Problem | Give the number of lines in the listing that contain the word "this", and nothing besides.

Excerpted data |
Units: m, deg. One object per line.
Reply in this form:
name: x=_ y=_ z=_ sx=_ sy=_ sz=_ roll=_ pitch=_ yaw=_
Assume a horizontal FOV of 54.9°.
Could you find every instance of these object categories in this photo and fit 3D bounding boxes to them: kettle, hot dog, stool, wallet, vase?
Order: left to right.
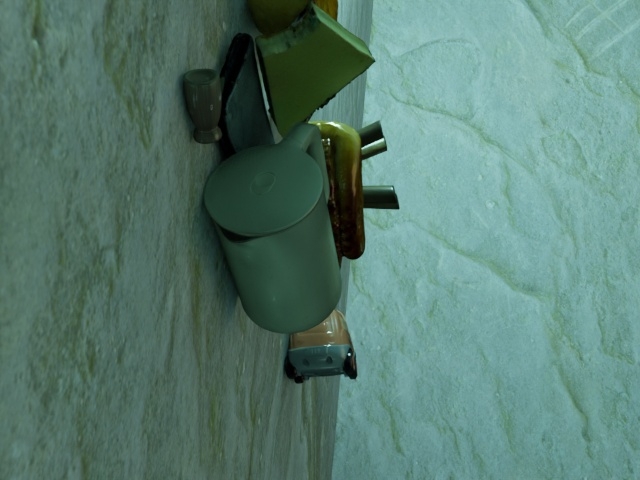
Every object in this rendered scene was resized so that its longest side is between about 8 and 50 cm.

---

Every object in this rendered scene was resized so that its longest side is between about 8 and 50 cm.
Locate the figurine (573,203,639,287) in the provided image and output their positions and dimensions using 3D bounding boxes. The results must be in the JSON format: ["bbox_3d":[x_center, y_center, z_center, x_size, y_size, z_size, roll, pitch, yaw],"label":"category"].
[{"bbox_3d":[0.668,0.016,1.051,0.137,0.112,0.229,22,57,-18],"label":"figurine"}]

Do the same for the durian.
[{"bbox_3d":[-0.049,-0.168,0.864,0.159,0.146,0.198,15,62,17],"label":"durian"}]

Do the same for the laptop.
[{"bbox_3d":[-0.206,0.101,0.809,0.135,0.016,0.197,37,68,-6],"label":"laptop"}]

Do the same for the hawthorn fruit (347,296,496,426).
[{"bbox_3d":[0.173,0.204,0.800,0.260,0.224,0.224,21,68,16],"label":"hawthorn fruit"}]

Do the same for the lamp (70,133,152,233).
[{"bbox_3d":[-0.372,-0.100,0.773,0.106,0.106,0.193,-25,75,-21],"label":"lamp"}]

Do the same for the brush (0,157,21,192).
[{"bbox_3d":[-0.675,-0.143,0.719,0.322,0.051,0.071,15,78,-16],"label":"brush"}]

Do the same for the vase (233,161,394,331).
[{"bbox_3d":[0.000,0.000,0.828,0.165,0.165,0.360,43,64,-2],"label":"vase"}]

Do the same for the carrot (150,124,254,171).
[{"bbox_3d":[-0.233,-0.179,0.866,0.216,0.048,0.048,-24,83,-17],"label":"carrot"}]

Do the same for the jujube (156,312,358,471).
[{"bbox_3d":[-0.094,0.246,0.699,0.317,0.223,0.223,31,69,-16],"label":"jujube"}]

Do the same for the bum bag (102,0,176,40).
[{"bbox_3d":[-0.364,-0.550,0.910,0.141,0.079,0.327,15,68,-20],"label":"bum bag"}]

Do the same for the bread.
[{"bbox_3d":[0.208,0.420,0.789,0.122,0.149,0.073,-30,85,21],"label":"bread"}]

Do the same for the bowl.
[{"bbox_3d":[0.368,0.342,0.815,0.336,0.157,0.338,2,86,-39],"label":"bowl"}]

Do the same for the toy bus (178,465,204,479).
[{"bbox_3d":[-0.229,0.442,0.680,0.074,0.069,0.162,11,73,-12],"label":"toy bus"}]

Output of the exercise | 4